Not to mention instances of influencers tricking their audiences into buying branded products with overly positive reviews of companies they’re paid by, despite quality issues or even labor abuses.

It’s inconsistent for influencers

It’s not all easy for the influencers, either. Black and Hispanic content creators face a 35% pay gap compared to white creators, per NBC News, There are also reports of fake talent-management firms requesting $299 “deposits” as part of a scam to fool wannabe influencers.

“Creators bear the brunt of the industry’s pervasive uncertainty: They must spend a significant amount of time navigating changing content norms, new platforms and tools, uneven contracts, high expectations for audience engagement, and the blowback that can come with being a public figure with few professional protections,” Hund wrote for HBR.

Some influencers faced racial discrimination during an in-person brand-sponsored trip, Business Insider previously reported. And Dylan Mulvaney, an influencer who partnered with brands like Nike and Bud Light, faced a barrage of anti-trans hate and harassment after she posted sponsored content for the companies on her social media pages.

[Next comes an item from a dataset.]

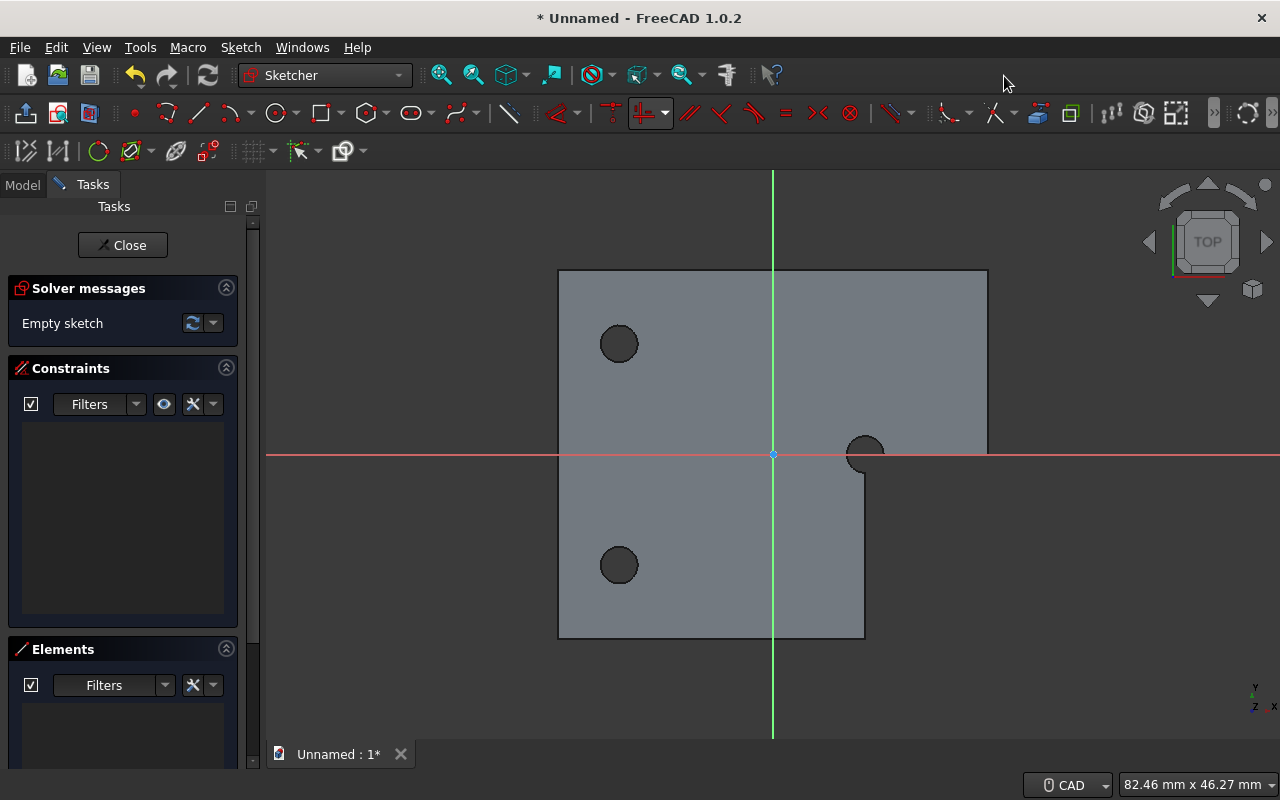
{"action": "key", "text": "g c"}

Her partnership with the brands became the reason right-wing figures like Ben Shapiro and Donald Trump Jr. called for a boycott of Bud Light, and she said the resulting threats were so bad she traveled out of the country to escape the backlash.

No end to the mess in sight

Despite the industry’s known problems, Camp noted that in some cases, influencer marketing is still perceived to be more desirable because there’s a level of authenticity when someone you follow and trust is pitching a product versus just an anonymous ad.

While the FTC’s guidelines on disclosures offer some guardrails for the industry, regulators have not focused much attention on the issue.

And there are no signs of slowing the ethical conflicts, especially in the digital marketing and advertising world, where Camp says “there’s lots of smoke and mirrors, and it’s hard to sometimes understand what you’re actually looking at.”

“Obviously, some influencers are more high-minded about the brands that they choose to associate with, but for those that are looking to just make money off of their eyeballs, they usually are hustling any which way they can,” Camp told BI. “Anyone with an internet connection and an idea can write about their idea and aggregate eyeballs, so there’s a lot of shit floating around in that space because there’s really no filter, there’s no barrier — so there’s a very small percentage of cream that rises to that top.”